Homology of acyclic complex and left exact functor

Question

Let $F$ be a left exact functor and $A^\bullet$ be a chain complexes:
$A^\bullet: \cdots \xrightarrow{f^{i-1}} A^i \xrightarrow{f^i} A^{i+1} \xrightarrow{f^{i+1}} A^{i+2} \cdots$.
Moreover, assume that each $A^i$ is $F$-acyclic.
Then, I guess $F(H(A^\bullet)) = H(F(A^\bullet))$. Especially, if $A^\bullet$ is exact than $F(A^\bullet)$ is also exact.

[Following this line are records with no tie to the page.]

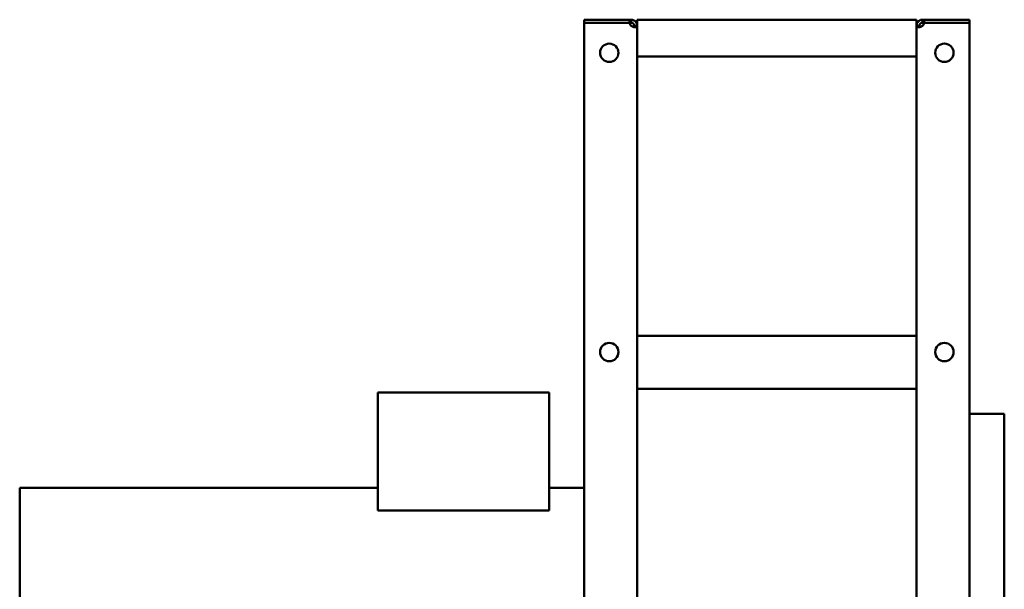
# Model space of a CAD drawing. Header units: millimetres. Extents: x 1066 to 1559, y 643 to 1214.
# Tile 4 of 4: x 1066 to 1559, y 928 to 1214. Entities that reach past the tile are written whole.
import ezdxf

# ---------------------------------------------------------------- set-up
doc = ezdxf.new("R2010")
doc.units = ezdxf.units.MM
doc.header["$LTSCALE"] = 6.25
doc.layers.add('Widoczne (ISO)', color=7, linetype='Continuous', lineweight=50)

msp = doc.modelspace()

# ---------------------------------------------------------------- linework, layer by layer
at = {"layer": 'Widoczne (ISO)'}
for p, q in [((1371.46, 1213.62), (1348.75, 1213.62)), ((1348.75, 1212.12), (1348.75, 1213.62)), ((1371.46, 1212.12), (1348.75, 1212.12)), ((1371.46, 1212.03), (1348.75, 1212.03)), ((1348.75, 644.22), (1348.75, 1212.03)), ((1371.46, 1213.62), (1372.25, 1213.62)), ((1371.46, 1212.12), (1371.46, 1213.62)), ((1372.25, 1212.12), (1371.46, 1212.12)), ((1372.25, 1213.62), (1372.25, 1212.75)), ((1372.25, 1212.75), (1372.25, 1212.12)), ((1373.75, 1210.49), (1373.75, 1210.62)), ((1373.75, 1210.62), (1374.37, 1210.62)), ((1374.37, 1210.49), (1373.75, 1210.49)), ((1374.37, 1210.62), (1375.25, 1210.62)), ((1375.25, 1210.49), (1374.37, 1210.49)), ((1375.25, 1213.62), (1375.25, 1198.12)), ((1375.25, 1213.62), (1515.25, 1213.62)), ((1515.25, 1198.12), (1515.25, 1213.62)), ((1515.25, 1210.62), (1516.13, 1210.62)), ((1516.13, 1210.49), (1515.25, 1210.49)), ((1516.13, 1210.62), (1516.75, 1210.62)), ((1516.75, 1210.49), (1516.13, 1210.49)), ((1516.75, 1210.62), (1516.75, 1210.49)), ((1518.25, 1213.62), (1519.04, 1213.62)), ((1518.25, 1212.75), (1518.25, 1213.62)), ((1518.25, 1212.12), (1518.25, 1212.75)), ((1519.04, 1212.12), (1518.25, 1212.12)), ((1519.04, 1213.62), (1519.04, 1212.12)), ((1541.75, 1213.62), (1519.04, 1213.62)), ((1519.04, 1212.12), (1541.75, 1212.12)), ((1541.75, 1212.03), (1519.04, 1212.03)), ((1541.75, 1212.12), (1541.75, 1213.62)), ((1541.75, 1212.03), (1541.75, 644.22)), ((1375.25, 1195.13), (1375.25, 1198.12)), ((1375.25, 1195.13), (1515.25, 1195.13)), ((1375.25, 1195.13), (1375.25, 1055.12)), ((1515.25, 1198.12), (1515.25, 1195.13)), ((1515.25, 1055.12), (1515.25, 1195.13)), ((1375.25, 1055.12), (1515.25, 1055.12)), ((1375.25, 1052.12), (1375.25, 1055.12)), ((1375.25, 1052.12), (1375.25, 1028.62)), ((1515.25, 1052.12), (1515.25, 1055.12)), ((1515.25, 1028.62), (1515.25, 1052.12)), ((1245.26, 1026.83), (1245.26, 967.57)), ((1245.26, 1026.83), (1331.11, 1026.83)), ((1331.11, 1026.83), (1331.11, 967.57)), ((1515.25, 1028.62), (1375.25, 1028.62)), ((1375.25, 1028.62), (1375.25, 645.76)), ((1515.25, 645.76), (1515.25, 1028.62)), ((1541.75, 1016.12), (1559.25, 1016.12)), ((1559.25, 1016.12), (1559.25, 768.12)), ((1065.75, 805.32), (1065.75, 978.93)), ((1065.75, 978.93), (1245.26, 978.93)), ((1331.11, 978.93), (1348.75, 978.93)), ((1245.26, 967.57), (1331.11, 967.57))]:
    msp.add_line(p, q, dxfattribs=at)
for centre in [(1361.25, 1197.03), (1529.25, 1197.03), (1361.25, 1047.03), (1529.25, 1047.03)]:
    msp.add_circle(centre, 4.6, dxfattribs=at)
for centre, start, end in [((1373.95, 1212.32), 186.8104, 227.2669), ((1516.55, 1212.32), 312.7331, 353.1896)]:
    msp.add_arc(centre, 2.5, start, end, dxfattribs=at)
for points, knots in [([(1372.25, 1213.62), (1372.42, 1213.62), (1372.66, 1213.61), (1373.19, 1213.49), (1373.42, 1213.4), (1373.93, 1213.13), (1374.2, 1212.93), (1374.66, 1212.45), (1374.84, 1212.17), (1375.07, 1211.67), (1375.14, 1211.46), (1375.23, 1211.03), (1375.25, 1210.83), (1375.25, 1210.62)], [-0.519596, -0.519596, -0.519596, -0.519596, -0.422419, -0.422419, -0.3440019, -0.3440019, -0.2435758, -0.2435758, -0.1431007, -0.1431007, -0.0728206, -0.0728206, 0, 0, 0, 0]), ([(1373.75, 1210.62), (1373.75, 1210.67), (1373.75, 1210.71), (1373.74, 1210.8), (1373.74, 1210.84), (1373.71, 1210.96), (1373.69, 1211.05), (1373.63, 1211.21), (1373.61, 1211.27), (1373.52, 1211.43), (1373.45, 1211.53), (1373.29, 1211.72), (1373.19, 1211.8), (1372.99, 1211.94), (1372.88, 1211.99), (1372.72, 1212.05), (1372.68, 1212.06), (1372.57, 1212.09), (1372.5, 1212.1), (1372.41, 1212.12), (1372.38, 1212.12), (1372.31, 1212.12), (1372.28, 1212.12), (1372.25, 1212.12)], [0, 0, 0, 0, 0.0200647, 0.0200647, 0.0392144, 0.0392144, 0.0683087, 0.0683087, 0.0842739, 0.0842739, 0.1127938, 0.1127938, 0.1408772, 0.1408772, 0.1711622, 0.1711622, 0.183544, 0.183544, 0.2033308, 0.2033308, 0.2141941, 0.2141941, 0.2254495, 0.2254495, 0.2254495, 0.2254495]), ([(1375.25, 1210.49), (1375.25, 1210.37), (1375.24, 1210.24), (1375.11, 1210.03), (1375.02, 1209.96), (1374.75, 1209.84), (1374.55, 1209.82), (1374.07, 1209.83), (1373.8, 1209.87), (1373.3, 1209.99), (1373.08, 1210.06), (1372.66, 1210.24), (1372.45, 1210.35), (1372.25, 1210.49)], [0, 0, 0, 0, 0.0618346, 0.0618346, 0.1117322, 0.1117322, 0.1756342, 0.1756342, 0.2395675, 0.2395675, 0.2842873, 0.2842873, 0.3306237, 0.3306237, 0.3306237, 0.3306237]), ([(1373.59, 1209.92), (1373.62, 1209.94), (1373.64, 1209.97), (1373.67, 1210.03), (1373.69, 1210.06), (1373.72, 1210.14), (1373.73, 1210.2), (1373.74, 1210.3), (1373.75, 1210.33), (1373.75, 1210.41), (1373.75, 1210.45), (1373.75, 1210.49)], [-0.09076928, -0.09076928, -0.09076928, -0.09076928, -0.07202298, -0.07202298, -0.05559608, -0.05559608, -0.02934488, -0.02934488, -0.01493261, -0.01493261, 0, 0, 0, 0]), ([(1515.25, 1210.62), (1515.25, 1210.8), (1515.26, 1211.03), (1515.39, 1211.56), (1515.48, 1211.79), (1515.75, 1212.31), (1515.95, 1212.58), (1516.43, 1213.03), (1516.7, 1213.22), (1517.2, 1213.45), (1517.42, 1213.51), (1517.84, 1213.61), (1518.05, 1213.62), (1518.25, 1213.62)], [0, 0, 0, 0, 0.0618346, 0.0618346, 0.1117322, 0.1117322, 0.1756342, 0.1756342, 0.2395675, 0.2395675, 0.2842873, 0.2842873, 0.3306237, 0.3306237, 0.3306237, 0.3306237]), ([(1518.25, 1210.49), (1518.08, 1210.37), (1517.84, 1210.24), (1517.31, 1210.03), (1517.08, 1209.96), (1516.57, 1209.84), (1516.3, 1209.82), (1515.84, 1209.83), (1515.66, 1209.87), (1515.43, 1209.99), (1515.36, 1210.06), (1515.27, 1210.24), (1515.25, 1210.35), (1515.25, 1210.49)], [-0.519596, -0.519596, -0.519596, -0.519596, -0.422419, -0.422419, -0.3440019, -0.3440019, -0.2435758, -0.2435758, -0.1431007, -0.1431007, -0.0728206, -0.0728206, 0, 0, 0, 0]), ([(1518.25, 1212.12), (1518.21, 1212.12), (1518.17, 1212.12), (1518.08, 1212.12), (1518.03, 1212.11), (1517.92, 1212.09), (1517.83, 1212.07), (1517.67, 1212.01), (1517.61, 1211.98), (1517.45, 1211.9), (1517.34, 1211.83), (1517.16, 1211.66), (1517.08, 1211.57), (1516.94, 1211.36), (1516.88, 1211.25), (1516.83, 1211.1), (1516.81, 1211.06), (1516.78, 1210.95), (1516.77, 1210.88), (1516.76, 1210.78), (1516.75, 1210.75), (1516.75, 1210.69), (1516.75, 1210.66), (1516.75, 1210.62)], [-0.299104, -0.299104, -0.299104, -0.299104, -0.2724841, -0.2724841, -0.2470782, -0.2470782, -0.2084788, -0.2084788, -0.1872978, -0.1872978, -0.1494604, -0.1494604, -0.1122022, -0.1122022, -0.072023, -0.072023, -0.0555961, -0.0555961, -0.0293449, -0.0293449, -0.0149326, -0.0149326, 0, 0, 0, 0]), ([(1516.75, 1210.49), (1516.75, 1210.43), (1516.75, 1210.38), (1516.76, 1210.28), (1516.76, 1210.24), (1516.79, 1210.13), (1516.81, 1210.06), (1516.86, 1209.97), (1516.88, 1209.94), (1516.91, 1209.92)], [0, 0, 0, 0, 0.02006472, 0.02006472, 0.03921439, 0.03921439, 0.06830871, 0.06830871, 0.08159063, 0.08159063, 0.08159063, 0.08159063])]:
    msp.add_open_spline(points, degree=3, knots=knots, dxfattribs=at)

doc.saveas('drawing.dxf')

I tried considering the short exact sequence:
$0\rightarrow \mathrm{ker}f^i \rightarrow A^i \rightarrow \mathrm{im} f^i\rightarrow0$
$0\rightarrow\mathrm{im} f^{i-1} \rightarrow \mathrm{ker}f^i \rightarrow H^i(A^\bullet)\rightarrow0 $

Applying $F$:
$0\rightarrow F(\mathrm{ker}(f^i)) \rightarrow F(A^i) \rightarrow F(\mathrm{im} (f^i))\rightarrow$
$0 \rightarrow F(\mathrm{im} (f^{i-1}) \rightarrow F(\mathrm{ker}f^i) \rightarrow F(H^i(A^\bullet))\rightarrow $
If I know $\mathrm{ker}f^i$ is $F$-acyclic, it follows that $\mathrm{im} f^i$ is also $F$-acyclic, so both of these sequence are also right exact. Comparing with the short exact sequence obtained from $F(A^\bullet)$, I will get $F(H(A^\bullet)) = H(F(A^\bullet))$

But I cannot show $\mathrm{ker}f^i$ is $F$-acyclic. Is there some way to fix this?

Answer 1

No this is not true. In fact, let $X$ be any object in your abelian category and $A^\bullet$ a resolution of $X$ by $F$-acyclic (for instance injectives). In particular, you have $H^i(A^\bullet)=0$ for $i>0$ and $H^0(A^\bullet)=X$ (which is by the way $\ker f^0$ and may not be acyclic). On the other hand, $F(A^\bullet)$ is a complex with very interesting cohomology : $H^i(F(A^\bullet))=R^iF(X)$ and this might not be zero for $i>0$. Thus $F(H(A^\bullet))\neq H(F(A^\bullet))$.

On the other hand, if $A^\bullet$ is exact (which was not the case in my previous comment) and bounded below, then this is true and your proof should work fine with an induction (this is where you need bounded below).